══ Data under study
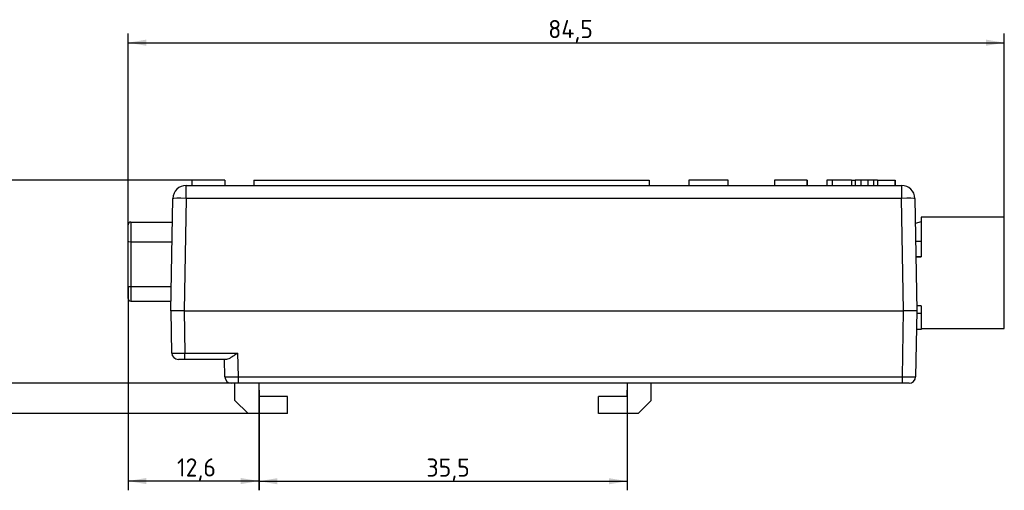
# Paper-space layout 'Layout1' of a CAD drawing. Header units: millimetres. Extents: x 41 to 475, y 33 to 379.
# Tile 15 of 16: x 188 to 378, y 288 to 379. Entities that reach past the tile are written whole.
import ezdxf
from ezdxf.enums import TextEntityAlignment as Align

# ---------------------------------------------------------------- set-up
doc = ezdxf.new("R2010")
doc.units = ezdxf.units.MM
for name, color, linetype in [('4_POS_0.200PITCH', 7, 'Continuous'), ('DB9-RIGHT_ANGLE', 7, 'Continuous'), ('Default', 7, 'Continuous'), ('MS-000955_SIMPLE', 7, 'Continuous'), ('MS-000956_SIMPLE', 7, 'Continuous')]:
    doc.layers.add(name, color=color, linetype=linetype)
doc.styles.add('SEACAD_Solid_Edge_ISO', font='seiso.ttf')
doc.dimstyles.new('ISO_(mm)', dxfattribs={"dimtxt": 3.5, "dimasz": 3.5, "dimexe": 1.75, "dimexo": 0, "dimgap": 0.875, "dimtad": 1, "dimdec": 1, "dimlfac": 0.5, "dimtxsty": 'SEACAD_Solid_Edge_ISO', "dimblk1": '_SE_FILLED', "dimblk2": '_SE_FILLED', "dimsah": 1, "dimcen": 1.75, "dimadec": 0, "dimazin": 0, "dimtfac": 0.5, "dimtmove": 0, "dimatfit": 3, "dimfxl": 1, "dimarcsym": 0})

# ---------------------------------------------------------------- blocks, each defined once
blk = doc.blocks.new('SE3')
at = {"layer": '4_POS_0.200PITCH', "color": 7, "linetype": 'Continuous'}
for p, q in [((361.85, 340.19), (360.68, 339.85)), ((377.85, 341.07), (361.85, 341.07)), ((361.85, 341.07), (361.85, 333.4)), ((377.85, 319.64), (377.85, 341.07)), ((360.74, 336.45), (361.85, 336.45)), ((361.85, 336.45), (361.85, 333.4)), ((360.79, 333.4), (361.85, 333.4)), ((361.85, 333.4), (360.79, 333.4)), ((361.85, 323.96), (360.96, 323.96)), ((361.85, 323.96), (361.85, 319.64)), ((361.85, 322.48), (360.97, 322.48)), ((361.85, 322.48), (361.85, 319.43)), ((361.85, 319.43), (360.91, 319.43)), ((361.85, 319.64), (377.85, 319.64))]:
    blk.add_line(p, q, dxfattribs=at)
at = {"layer": 'DB9-RIGHT_ANGLE', "color": 7, "linetype": 'Continuous'}
for p, q in [((209.45, 340.11), (217.51, 340.11)), ((209.45, 340.11), (209.45, 336.33)), ((208.94, 336.4), (208.94, 339.6)), ((208.94, 327.76), (208.94, 336.4)), ((209.45, 336.33), (217.44, 336.33)), ((209.45, 336.33), (209.45, 327.69)), ((208.94, 325.38), (208.94, 327.76)), ((209.45, 327.69), (217.29, 327.69)), ((209.45, 327.69), (209.45, 324.87)), ((209.45, 324.87), (217.24, 324.87))]:
    blk.add_line(p, q, dxfattribs=at)
for centre, start, end in [((209.45, 339.6), 90, 180), ((209.45, 325.38), 180, 270)]:
    blk.add_arc(centre, 0.508, start, end, dxfattribs=at)
for centre, major_axis, start_param, end_param in [((209.45, 336.4), (0.508, 0), 3.141593, 4.712389), ((209.45, 327.76), (-0.508, 0), 0, 1.570796)]:
    blk.add_ellipse(centre, major_axis=major_axis, ratio=0.145315, start_param=start_param, end_param=end_param, dxfattribs=at)
at = {"layer": 'MS-000955_SIMPLE', "color": 7, "linetype": 'Continuous'}
for p, q in [((227.58, 348.19), (221.23, 348.19)), ((221.23, 348.19), (221.23, 347.17)), ((227.58, 348.19), (227.58, 347.17)), ((233.21, 348.19), (233.21, 347.17)), ((233.21, 348.19), (309.41, 348.19)), ((309.41, 348.19), (309.41, 347.17)), ((324.65, 348.19), (317.03, 348.19)), ((317.03, 348.19), (317.03, 347.17)), ((324.65, 347.17), (324.65, 348.19)), ((333.54, 348.19), (333.54, 347.17)), ((333.58, 348.19), (333.56, 348.19)), ((333.56, 348.19), (333.56, 347.17)), ((339.78, 348.19), (333.58, 348.19)), ((333.58, 348.19), (333.58, 347.17)), ((339.78, 348.19), (339.78, 347.17)), ((339.81, 348.19), (339.89, 348.19)), ((339.89, 347.17), (339.89, 348.19)), ((344.65, 348.19), (343.67, 348.19)), ((343.67, 348.19), (343.67, 347.17)), ((348.41, 348.19), (344.66, 348.19)), ((344.66, 348.19), (344.66, 347.17)), ((348.41, 348.19), (348.41, 347.17)), ((348.43, 348.19), (349.1, 348.19)), ((350.17, 348.19), (349.1, 348.19)), ((349.1, 348.19), (349.1, 347.17)), ((351.55, 348.19), (350.17, 348.19)), ((350.17, 348.19), (350.17, 347.17)), ((352.62, 348.19), (351.55, 348.19)), ((351.55, 348.19), (351.55, 347.17)), ((352.62, 348.19), (352.62, 347.17)), ((353.38, 348.19), (352.64, 348.19)), ((352.64, 348.19), (352.64, 347.17)), ((353.39, 348.19), (356.79, 348.19)), ((353.39, 348.19), (353.39, 347.17)), ((356.79, 348.19), (356.79, 347.17)), ((356.79, 347.17), (356.79, 348.19)), ((220.13, 347.17), (358.06, 347.17)), ((220.13, 344.68), (220.13, 347.17)), ((358.06, 347.17), (358.06, 344.68)), ((217.21, 323.04), (217.59, 344.68)), ((220.13, 344.68), (219.75, 323.04)), ((358.06, 344.68), (220.13, 344.68)), ((358.44, 323.04), (358.06, 344.68)), ((360.6, 344.68), (360.98, 323.04)), ((219.75, 323.04), (217.21, 323.04)), ((219.75, 323.04), (358.44, 323.04)), ((360.98, 323.04), (358.44, 323.04))]:
    blk.add_line(p, q, dxfattribs=at)
for centre, start, end in [((220.13, 344.63), 90, 179), ((358.06, 344.63), 1, 90)]:
    blk.add_arc(centre, 2.54, start, end, dxfattribs=at)
for centre, major_axis, start_param, end_param in [((220.13, 344.63), (2.54, -0.04), 1.571101, 3.141593), ((358.06, 344.63), (2.54, 0.04), 0, 1.570492)]:
    blk.add_ellipse(centre, major_axis=major_axis, ratio=0.01745, start_param=start_param, end_param=end_param, dxfattribs=at)
at = {"layer": 'MS-000956_SIMPLE', "color": 7, "linetype": 'Continuous'}
for p, q in [((217.37, 314.89), (217.23, 323.04)), ((219.77, 323.04), (219.91, 314.89)), ((358.21, 310.32), (358.44, 323.04)), ((360.98, 323.04), (360.75, 310.32)), ((219.91, 313.64), (218.64, 313.64)), ((219.91, 314.89), (230.07, 314.89)), ((219.91, 313.64), (219.91, 314.89)), ((227.91, 313.64), (219.91, 313.64)), ((227.61, 310.32), (227.56, 313.64)), ((230.07, 314.89), (230.15, 310.32)), ((230.15, 310.32), (358.21, 310.32)), ((230.15, 310.32), (230.15, 309.07)), ((358.21, 309.07), (358.21, 310.32)), ((230.15, 309.07), (228.88, 309.07)), ((229.54, 305.77), (229.54, 309.07)), ((358.21, 309.07), (230.15, 309.07)), ((234.16, 309.07), (234.2, 306.53)), ((305.14, 306.53), (305.19, 309.07)), ((309.8, 305.77), (309.8, 309.07)), ((359.48, 309.07), (358.21, 309.07)), ((229.54, 305.77), (232.08, 303.23)), ((239.7, 306.53), (234.2, 306.53)), ((239.7, 303.23), (239.7, 306.53)), ((299.64, 303.23), (299.64, 306.53)), ((305.14, 306.53), (299.64, 306.53)), ((307.26, 303.23), (309.8, 305.77)), ((239.7, 303.23), (232.08, 303.23)), ((307.26, 303.23), (299.64, 303.23))]:
    blk.add_line(p, q, dxfattribs=at)
for centre, start, end in [((218.64, 314.91), 181, 270), ((228.88, 310.34), 181, 270), ((359.48, 310.34), 270, 359)]:
    blk.add_arc(centre, 1.27, start, end, dxfattribs=at)
for centre, major_axis, start_param, end_param in [((219.91, 314.91), (-2.54, -0.02), 0.000076, 1.570568), ((230.15, 310.34), (-2.54, -0.02), 0.000076, 1.570568), ((358.21, 310.34), (2.54, -0.02), 4.712617, 6.283109)]:
    blk.add_ellipse(centre, major_axis=major_axis, ratio=0.008724, start_param=start_param, end_param=end_param, dxfattribs=at)
blk.add_open_spline([(230.07, 314.89), (229.87, 314.75), (229.67, 314.6), (229.28, 314.33), (229.09, 314.2), (228.71, 313.96), (228.53, 313.86), (228.19, 313.7), (228.04, 313.64), (227.91, 313.64)], degree=3, knots=[0, 0, 0, 0, 0.25, 0.25, 0.5, 0.5, 0.75, 0.75, 1, 1, 1, 1], dxfattribs=at)
blk = doc.blocks.new('DMBLK12')
at = {"layer": 'Default', "linetype": 'Continuous'}
for points in [[(212.44, 375.25), (208.94, 374.66), (212.44, 374.08)], [(374.35, 375.25), (374.35, 374.08), (377.85, 374.66)]]:
    blk.add_hatch(color=7, dxfattribs=at).paths.add_polyline_path(points)
at = {"layer": 'Default', "color": 7, "linetype": 'Continuous'}
for p, q in [((208.94, 339.6), (208.94, 376.41)), ((377.85, 341.07), (377.85, 376.41)), ((208.94, 374.66), (377.85, 374.66))]:
    blk.add_line(p, q, dxfattribs=at)
at = {"layer": 'Default', "color": 7, "linetype": 'Continuous', "style": 'SEACAD_Solid_Edge_ISO'}
blk.add_text('84,5', height=3.5, dxfattribs=at).set_placement((289.94, 379.04), align=Align.TOP_LEFT)
blk = doc.blocks.new('_SE_FILLED')
at = {"color": 0}
blk.add_line((0, 0), (-1, 0), dxfattribs=at)
blk.add_solid([(0, 0), (-1, -0.1665), (-1, 0.1665), (0, 0)], dxfattribs=at)
blk = doc.blocks.new('DMBLK13')
at = {"layer": 'Default', "linetype": 'Continuous'}
for points in [[(166.61, 344.69), (167.78, 344.69), (167.2, 348.19)], [(166.61, 306.73), (167.2, 303.23), (167.78, 306.73)]]:
    blk.add_hatch(color=7, dxfattribs=at).paths.add_polyline_path(points)
at = {"layer": 'Default', "color": 7, "linetype": 'Continuous'}
for p, q in [((221.23, 348.19), (165.45, 348.19)), ((167.2, 348.19), (167.2, 303.23)), ((235.89, 303.23), (165.45, 303.23))]:
    blk.add_line(p, q, dxfattribs=at)
at = {"layer": 'Default', "color": 7, "linetype": 'Continuous', "style": 'SEACAD_Solid_Edge_ISO'}
blk.add_text('22,5', height=3.5, rotation=90, dxfattribs=at).set_placement((162.82, 322.25), align=Align.TOP_LEFT)
blk = doc.blocks.new('DMBLK14')
at = {"layer": 'Default', "linetype": 'Continuous'}
for points in [[(237.7, 289.61), (237.7, 290.78), (234.2, 290.2)], [(301.67, 289.61), (305.17, 290.2), (301.67, 290.78)]]:
    blk.add_hatch(color=7, dxfattribs=at).paths.add_polyline_path(points)
at = {"layer": 'Default', "color": 7, "linetype": 'Continuous'}
for p, q in [((305.17, 307.8), (305.17, 288.45)), ((234.2, 306.53), (234.2, 288.45)), ((234.2, 290.2), (305.17, 290.2))]:
    blk.add_line(p, q, dxfattribs=at)
at = {"layer": 'Default', "color": 7, "linetype": 'Continuous', "style": 'SEACAD_Solid_Edge_ISO'}
blk.add_text('35,5', height=3.5, dxfattribs=at).set_placement((266.46, 294.57), align=Align.TOP_LEFT)
blk = doc.blocks.new('DMBLK15')
at = {"layer": 'Default', "linetype": 'Continuous'}
for points in [[(212.44, 289.64), (212.44, 290.81), (208.94, 290.23)], [(230.66, 289.64), (234.16, 290.23), (230.66, 290.81)]]:
    blk.add_hatch(color=7, dxfattribs=at).paths.add_polyline_path(points)
at = {"layer": 'Default', "color": 7, "linetype": 'Continuous'}
for p, q in [((208.94, 327.76), (208.94, 288.48)), ((234.16, 309.07), (234.16, 288.48)), ((234.16, 290.23), (208.94, 290.23))]:
    blk.add_line(p, q, dxfattribs=at)
at = {"layer": 'Default', "color": 7, "linetype": 'Continuous', "style": 'SEACAD_Solid_Edge_ISO'}
blk.add_text('12,6', height=3.5, dxfattribs=at).set_placement((218.37, 294.6), align=Align.TOP_LEFT)
blk = doc.blocks.new('DMBLK17')
at = {"layer": 'Default', "linetype": 'Continuous'}
for points in [[(180.41, 312.57), (180.99, 309.07), (181.57, 312.57)], [(180.41, 299.73), (181.57, 299.73), (180.99, 303.23)]]:
    blk.add_hatch(color=7, dxfattribs=at).paths.add_polyline_path(points)
at = {"layer": 'Default', "color": 7, "linetype": 'Continuous'}
for p, q in [((180.99, 323.91), (180.99, 296.23)), ((230.15, 309.07), (179.24, 309.07)), ((235.89, 303.23), (179.24, 303.23))]:
    blk.add_line(p, q, dxfattribs=at)
at = {"layer": 'Default', "color": 7, "linetype": 'Continuous', "style": 'SEACAD_Solid_Edge_ISO'}
blk.add_text('2,9', height=3.5, rotation=90, dxfattribs=at).set_placement((176.61, 317.75), align=Align.TOP_LEFT)

psp = doc.layouts.get("Layout1")

# ---------------------------------------------------------------- block references
at = {"layer": 'Default'}
psp.add_blockref('SE3', (0, 0), dxfattribs=at)

# ---------------------------------------------------------------- dimensions: what is measured, and where the dimension line sits
at = {"layer": 'Default', "color": 7, "linetype": 'Continuous'}
for base, p1, p2, picture, middle in [((377.85, 374.66), (208.94, 339.6), (377.85, 341.07), 'DMBLK12', (293.4, 374.66)), ((208.94, 290.23), (234.16, 309.07), (208.94, 336.4), 'DMBLK15', (221.55, 290.23)), ((305.17, 290.2), (234.2, 306.53), (305.17, 307.8), 'DMBLK14', (269.68, 290.2))]:
    dim = psp.add_linear_dim(base=base, p1=p1, p2=p2, text='\\A1;<>', dimstyle='ISO_(mm)', dxfattribs=at)
    dim.commit()
    dim.dimension.update_dxf_attribs({"geometry": picture, "text_midpoint": middle, "dimtype": 160})
for base, p1, picture, middle in [((167.2, 303.23), (221.23, 348.19), 'DMBLK13', (167.2, 325.71)), ((180.99, 303.23), (230.15, 309.07), 'DMBLK17', (180.99, 316.53))]:
    dim = psp.add_linear_dim(base=base, p1=p1, p2=(235.89, 303.23), angle=90, text='\\A1;<>', dimstyle='ISO_(mm)', dxfattribs=at)
    dim.commit()
    dim.dimension.update_dxf_attribs({"geometry": picture, "text_midpoint": middle, "dimtype": 160})

doc.saveas('drawing.dxf')
════
Aim of the task -> Among the lines above, repeat exactly those from the line with "import ezdxf" to the line with "for name, color, linetype", counting both ends.

Answer ->
import ezdxf
from ezdxf.enums import TextEntityAlignment as Align

# ---------------------------------------------------------------- set-up
doc = ezdxf.new("R2010")
doc.units = ezdxf.units.MM
for name, color, linetype in [('4_POS_0.200PITCH', 7, 'Continuous'), ('DB9-RIGHT_ANGLE', 7, 'Continuous'), ('Default', 7, 'Continuous'), ('MS-000955_SIMPLE', 7, 'Continuous'), ('MS-000956_SIMPLE', 7, 'Continuous')]:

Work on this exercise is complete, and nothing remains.